Wegen des Stromausfalls sind auch Kochen und Backen nicht möglich. Hubschrauber versorgen Passagiere und Crew mit Nahrung, Telefonen und Taschenlampen. Auch frisches Brot wird per Helikopter angeliefert.

Schiff soll heute auf Mahe ankommen
Ein französischer Fischtrawler zieht die "Costa Allegra", ein Schwesterschiff der vor Italien auf Grund gelaufenen "Costa Concordia", in Richtung der Hauptinsel der Seychellen, Mahe. Noch heute soll das Schiff auf Mahe ankommen - wegen der guten Wetterbedingungen einen Tag früher als geplant. Ein Schiff der Seychellen-Küstenwache eskortiert den Luxusliner bis Port Victoria auf Mahe.

Feuer an Bord
Die "Costa Allegra" war am Montag während der Fahrt von Madagaskar zu den Seychellen durch einen Brand im Maschinenraum manövrierunfähig geworden und hatte Hilfe angefordert. Das Feuer konnte gelöscht werden, ohne dass Menschen zu Schaden kamen.

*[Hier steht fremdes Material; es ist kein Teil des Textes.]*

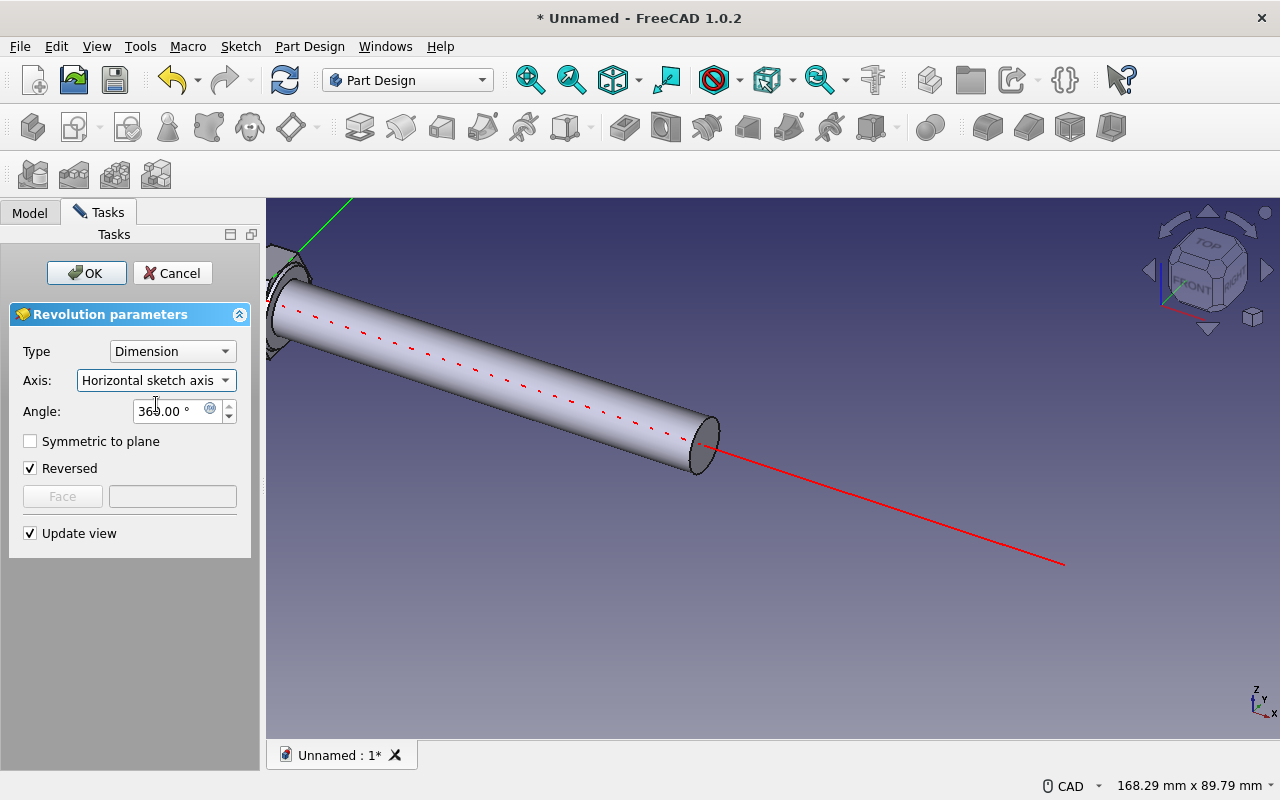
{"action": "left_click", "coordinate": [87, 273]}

Eine Gruppe von Fachleuten und Offizieren der Reederei Costa Crociere soll demnächst die Seychellen erreichen, um die Landung zu koordinieren. Dabei handelt es sich um dieselbe Kriseneinheit, die beim Unglück der "Costa Concordia" vor der toskanischen Insel Giglio am 13. Jänner im Einsatz war.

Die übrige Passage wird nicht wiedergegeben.